Intraspecific protoplast fusion of Brettanomyces anomalus for improved production of an extracellular β-glucosidase.

Improvement of production of an extracellular β-glucosidase with high activity by Brettanomyces anomalus PSY-001 was performed by using recursive protoplast fusion in a genome-shuffling format. The initial population was generated by ultraviolet irradiation, ultrasonic mutagenesis and, then, subjected to recursive protoplast fusion. Mutant strains exhibiting significantly higher β-glucosidase activities in liquid media were isolated. The best mutant strain showed increased cell growth in a flask culture, as well as increased β-glucosidase production. A recombinant strain, F3-25, was obtained after three rounds of genome shuffling and its production of β-glucosidase activity reached 4790 U L-1, which was a nearly eightfold increase compared to the original strain B. anomalus PSY-001. The subculture experiments indicated that F3-25 was genetically stable.

Introduction

Brettanomyces spp. are described as the non-spore forming counterparts of Dekkera spp. and the names of the two genera are often used interchangeably.[1] As Brettanomyces is the more common name, it will be used in this paper. The genus Brettanomyces/Dekkera includes five species: Brettanomyces custersianus, B. naardenensis, B. nanus, Dekkera anomala and D. bruxellensis.[2] Brettanomyces spp. are found during the fermentation and refermentation of special Belgian beers and ales and are involved in the bioflavouring of a particular Belgian trappist beer.[3,4] The release of flavour-active compounds from hop glycosides opens perspectives for the bioflavouring and product diversification of beverages like beer. Higher activities of exo-β-glucanase can be found in Brettanomyces spp. with β-glucosidase activity.[3]

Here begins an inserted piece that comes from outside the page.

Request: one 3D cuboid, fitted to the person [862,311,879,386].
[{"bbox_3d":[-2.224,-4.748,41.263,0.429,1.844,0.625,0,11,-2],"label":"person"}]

Beta-glucosidases (EC 3.2.1.21) are a group of wide-spread hydrolyases found in microorganisms, plant and animal tissues. Since most of the β-glucosidases from microbial sources are subjected to glucose inhibition, glucose-tolerant β-glucosidases are in high demand.[5] The major applications of β-glucosidases include production of glucose and other soluble sugars from cellulosic wastes in the process of biomass conversion,[6] enhancement of aroma in wine and must by hydrolysis of glycoconjugated precursors [7] and for the enrichment of bioactive isoflavones in soymilk fermentation.[8]

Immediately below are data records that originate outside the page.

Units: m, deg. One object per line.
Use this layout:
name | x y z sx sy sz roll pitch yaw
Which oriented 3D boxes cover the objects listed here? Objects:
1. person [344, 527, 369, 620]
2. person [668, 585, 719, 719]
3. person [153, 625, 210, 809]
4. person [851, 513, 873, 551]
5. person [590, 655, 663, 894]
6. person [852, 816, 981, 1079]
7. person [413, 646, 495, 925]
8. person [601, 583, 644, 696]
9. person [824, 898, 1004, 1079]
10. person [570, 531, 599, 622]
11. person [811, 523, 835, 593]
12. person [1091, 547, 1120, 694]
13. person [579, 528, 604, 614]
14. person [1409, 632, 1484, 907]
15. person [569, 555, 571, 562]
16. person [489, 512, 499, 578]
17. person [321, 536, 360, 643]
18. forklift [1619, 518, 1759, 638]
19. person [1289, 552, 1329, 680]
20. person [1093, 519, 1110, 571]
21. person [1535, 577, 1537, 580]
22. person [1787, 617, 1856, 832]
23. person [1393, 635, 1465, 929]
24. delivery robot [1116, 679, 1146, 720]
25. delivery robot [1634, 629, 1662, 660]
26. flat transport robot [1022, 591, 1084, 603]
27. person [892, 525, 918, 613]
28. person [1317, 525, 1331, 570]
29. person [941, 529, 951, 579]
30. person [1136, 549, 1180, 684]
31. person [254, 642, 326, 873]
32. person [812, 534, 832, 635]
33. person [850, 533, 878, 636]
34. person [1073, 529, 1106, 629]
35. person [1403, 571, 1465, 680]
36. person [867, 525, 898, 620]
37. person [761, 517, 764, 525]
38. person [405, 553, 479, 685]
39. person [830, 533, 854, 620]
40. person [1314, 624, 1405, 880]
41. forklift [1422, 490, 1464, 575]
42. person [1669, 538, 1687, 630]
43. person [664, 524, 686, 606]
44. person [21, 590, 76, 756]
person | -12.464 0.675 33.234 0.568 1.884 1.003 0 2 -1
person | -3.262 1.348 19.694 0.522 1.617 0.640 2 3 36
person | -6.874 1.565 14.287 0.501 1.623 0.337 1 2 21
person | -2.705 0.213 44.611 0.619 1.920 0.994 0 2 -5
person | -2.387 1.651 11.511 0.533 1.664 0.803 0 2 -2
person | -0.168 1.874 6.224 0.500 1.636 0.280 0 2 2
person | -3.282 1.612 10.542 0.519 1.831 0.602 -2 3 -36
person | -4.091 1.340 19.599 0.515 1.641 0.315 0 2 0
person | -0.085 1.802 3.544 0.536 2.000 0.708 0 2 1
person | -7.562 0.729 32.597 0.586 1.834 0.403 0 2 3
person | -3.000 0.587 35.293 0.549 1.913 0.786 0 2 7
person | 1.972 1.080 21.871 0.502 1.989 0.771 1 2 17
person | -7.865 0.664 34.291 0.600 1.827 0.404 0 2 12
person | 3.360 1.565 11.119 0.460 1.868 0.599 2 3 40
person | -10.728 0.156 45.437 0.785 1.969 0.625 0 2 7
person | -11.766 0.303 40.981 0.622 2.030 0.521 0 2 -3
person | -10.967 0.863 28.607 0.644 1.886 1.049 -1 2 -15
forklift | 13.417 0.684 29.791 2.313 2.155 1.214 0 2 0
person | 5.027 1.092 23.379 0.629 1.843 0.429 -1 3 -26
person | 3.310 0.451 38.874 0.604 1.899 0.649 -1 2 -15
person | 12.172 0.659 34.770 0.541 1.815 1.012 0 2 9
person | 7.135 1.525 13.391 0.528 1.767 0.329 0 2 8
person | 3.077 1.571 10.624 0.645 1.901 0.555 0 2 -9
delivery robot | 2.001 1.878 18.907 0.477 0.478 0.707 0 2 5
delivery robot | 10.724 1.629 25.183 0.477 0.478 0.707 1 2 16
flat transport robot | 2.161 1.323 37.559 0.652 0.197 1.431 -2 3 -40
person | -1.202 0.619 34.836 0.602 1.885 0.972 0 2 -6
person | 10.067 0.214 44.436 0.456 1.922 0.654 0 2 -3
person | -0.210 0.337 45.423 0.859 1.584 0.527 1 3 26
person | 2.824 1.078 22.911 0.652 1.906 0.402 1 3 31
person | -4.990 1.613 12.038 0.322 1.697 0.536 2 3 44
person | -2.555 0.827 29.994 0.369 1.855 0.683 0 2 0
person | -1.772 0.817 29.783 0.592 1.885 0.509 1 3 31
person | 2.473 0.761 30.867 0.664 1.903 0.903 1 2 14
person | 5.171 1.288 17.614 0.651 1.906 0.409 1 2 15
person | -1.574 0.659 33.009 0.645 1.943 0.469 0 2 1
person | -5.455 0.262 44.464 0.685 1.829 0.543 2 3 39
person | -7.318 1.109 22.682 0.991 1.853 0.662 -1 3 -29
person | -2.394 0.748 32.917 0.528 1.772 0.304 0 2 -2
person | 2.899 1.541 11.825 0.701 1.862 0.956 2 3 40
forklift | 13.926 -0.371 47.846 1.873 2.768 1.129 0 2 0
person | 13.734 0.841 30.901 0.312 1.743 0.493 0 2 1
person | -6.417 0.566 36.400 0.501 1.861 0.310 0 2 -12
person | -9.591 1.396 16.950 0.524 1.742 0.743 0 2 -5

Protoplast fusion is a traditional method, which – although established for over 30 years now – continues to be recognized as a powerful tool for the improvement of many microorganisms. Protoplast fusion shows very broad applicability among microorganisms, both in its intraspecies and interspecies variant, and also between microbes from different kingdoms.[9,10] The technique of protoplast-based genome shuffling has proved to be effective in the rapid improvement of some industrially important microbial strains.[11] Genome shuffling does not require genome sequencing; it is often a preferred method of choice when simultaneous changes have to be introduced at different positions throughout the entire genome. This makes genome shuffling a practical method for the rapid manipulation of complex phenotypes from whole cells and organisms.[12,13]

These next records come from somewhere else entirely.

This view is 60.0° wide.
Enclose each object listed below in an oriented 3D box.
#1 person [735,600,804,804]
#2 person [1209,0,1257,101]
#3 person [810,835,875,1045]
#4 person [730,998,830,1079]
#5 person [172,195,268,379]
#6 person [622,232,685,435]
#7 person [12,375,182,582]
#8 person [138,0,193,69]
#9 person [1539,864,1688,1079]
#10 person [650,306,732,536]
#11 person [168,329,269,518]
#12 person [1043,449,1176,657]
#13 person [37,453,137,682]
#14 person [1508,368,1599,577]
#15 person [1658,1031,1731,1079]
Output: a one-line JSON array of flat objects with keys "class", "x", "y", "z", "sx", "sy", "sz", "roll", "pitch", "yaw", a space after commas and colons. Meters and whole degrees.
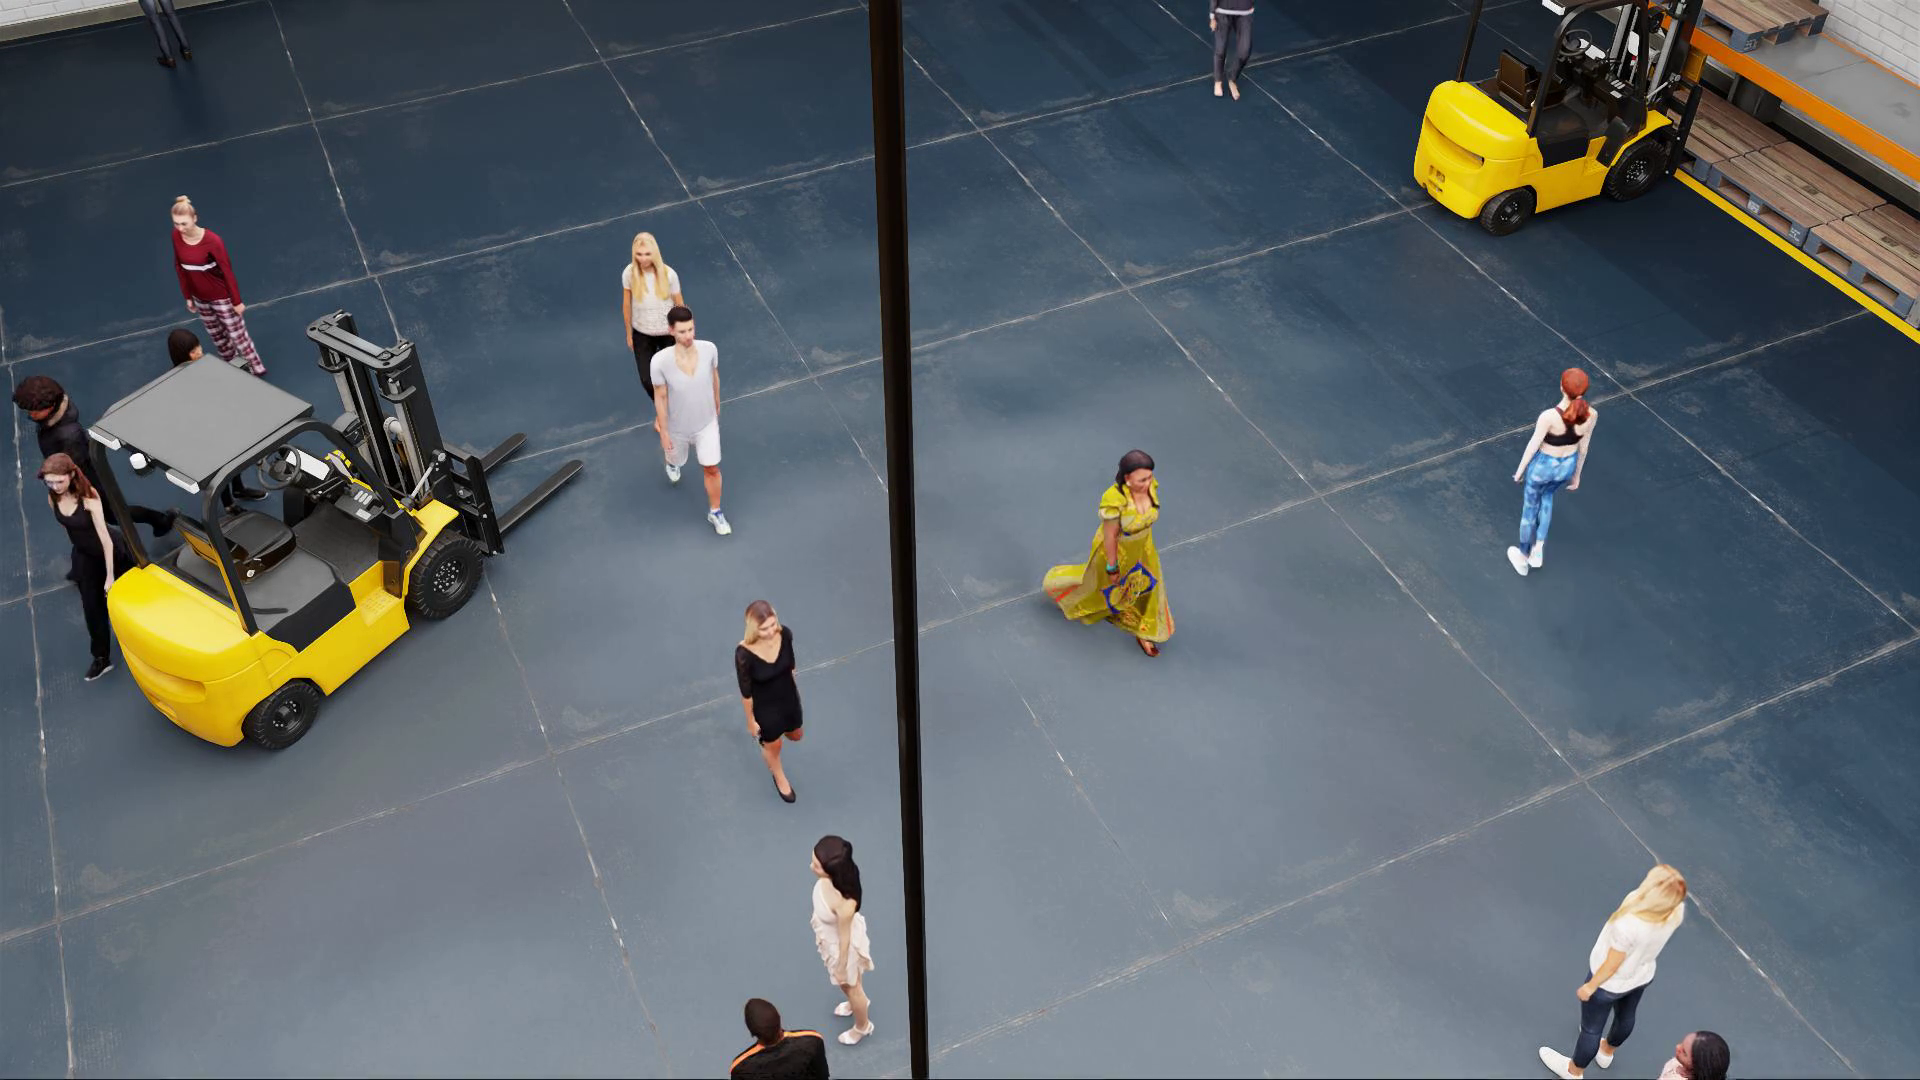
[{"class": "person", "x": -1.184, "y": 0.948, "z": 10.102, "sx": 0.647, "sy": 1.664, "sz": 0.794, "roll": -28, "pitch": 50, "yaw": -26}, {"class": "person", "x": 2.700, "y": -5.279, "z": 16.573, "sx": 0.734, "sy": 1.755, "sz": 0.759, "roll": -3, "pitch": 44, "yaw": -3}, {"class": "person", "x": -0.607, "y": 2.122, "z": 8.819, "sx": 0.669, "sy": 1.734, "sz": 0.526, "roll": -9, "pitch": 44, "yaw": -9}, {"class": "person", "x": -0.805, "y": 2.821, "z": 8.039, "sx": 0.706, "sy": 1.797, "sz": 0.966, "roll": -10, "pitch": 45, "yaw": -10}, {"class": "person", "x": -5.887, "y": -1.952, "z": 13.119, "sx": 0.682, "sy": 1.701, "sz": 0.706, "roll": 9, "pitch": 44, "yaw": 9}, {"class": "person", "x": -2.308, "y": -1.611, "z": 12.678, "sx": 0.706, "sy": 1.817, "sz": 0.688, "roll": -5, "pitch": 44, "yaw": -6}, {"class": "person", "x": -5.994, "y": -0.471, "z": 11.537, "sx": 0.995, "sy": 1.740, "sz": 1.139, "roll": -30, "pitch": 51, "yaw": -28}, {"class": "person", "x": -8.300, "y": -5.729, "z": 17.025, "sx": 0.676, "sy": 1.783, "sz": 0.715, "roll": 31, "pitch": 52, "yaw": 28}, {"class": "person", "x": 3.436, "y": 2.262, "z": 8.618, "sx": 0.592, "sy": 1.809, "sz": 0.496, "roll": -18, "pitch": 47, "yaw": -18}, {"class": "person", "x": -1.981, "y": -0.927, "z": 11.947, "sx": 0.660, "sy": 1.833, "sz": 1.115, "roll": -19, "pitch": 47, "yaw": -19}, {"class": "person", "x": -5.406, "y": -0.857, "z": 12.012, "sx": 0.704, "sy": 1.642, "sz": 0.595, "roll": 4, "pitch": 44, "yaw": 4}, {"class": "person", "x": 1.018, "y": 0.035, "z": 11.094, "sx": 0.951, "sy": 1.628, "sz": 1.235, "roll": -32, "pitch": 52, "yaw": -29}, {"class": "person", "x": -5.611, "y": 0.031, "z": 11.036, "sx": 0.930, "sy": 1.704, "sz": 1.114, "roll": 6, "pitch": 44, "yaw": 7}, {"class": "person", "x": 4.083, "y": -0.384, "z": 11.428, "sx": 0.684, "sy": 1.773, "sz": 0.751, "roll": -2, "pitch": 44, "yaw": -2}, {"class": "person", "x": 3.479, "y": 2.888, "z": 8.036, "sx": 1.004, "sy": 1.706, "sz": 0.903, "roll": 21, "pitch": 47, "yaw": 20}]

The aim of this work was to generate high-yield β-glucosidase-producing strains from B. anomalus PSY-001 through the combination of protoplast mutation, fusion and genome-shuffling techniques. The mutant strains were subjected to ultraviolet (UV) irradiation, ultrasonic mutagenesis and then, used for recursive protoplast fusion.

Materials and methods

Yeast strains

The yeast strain used as the parent strain in this study was B. anomalus PSY-001. The identified strain B. anomalus PSY-001 was deposited at the China Center for Type Culture Collection (CCTCC) and was given the CCTCC accession number M209106. The strain was stored in Yeast Extract–Peptone–Dextrose (YPD) medium with 20% (v/v) glycerol at –80 °C.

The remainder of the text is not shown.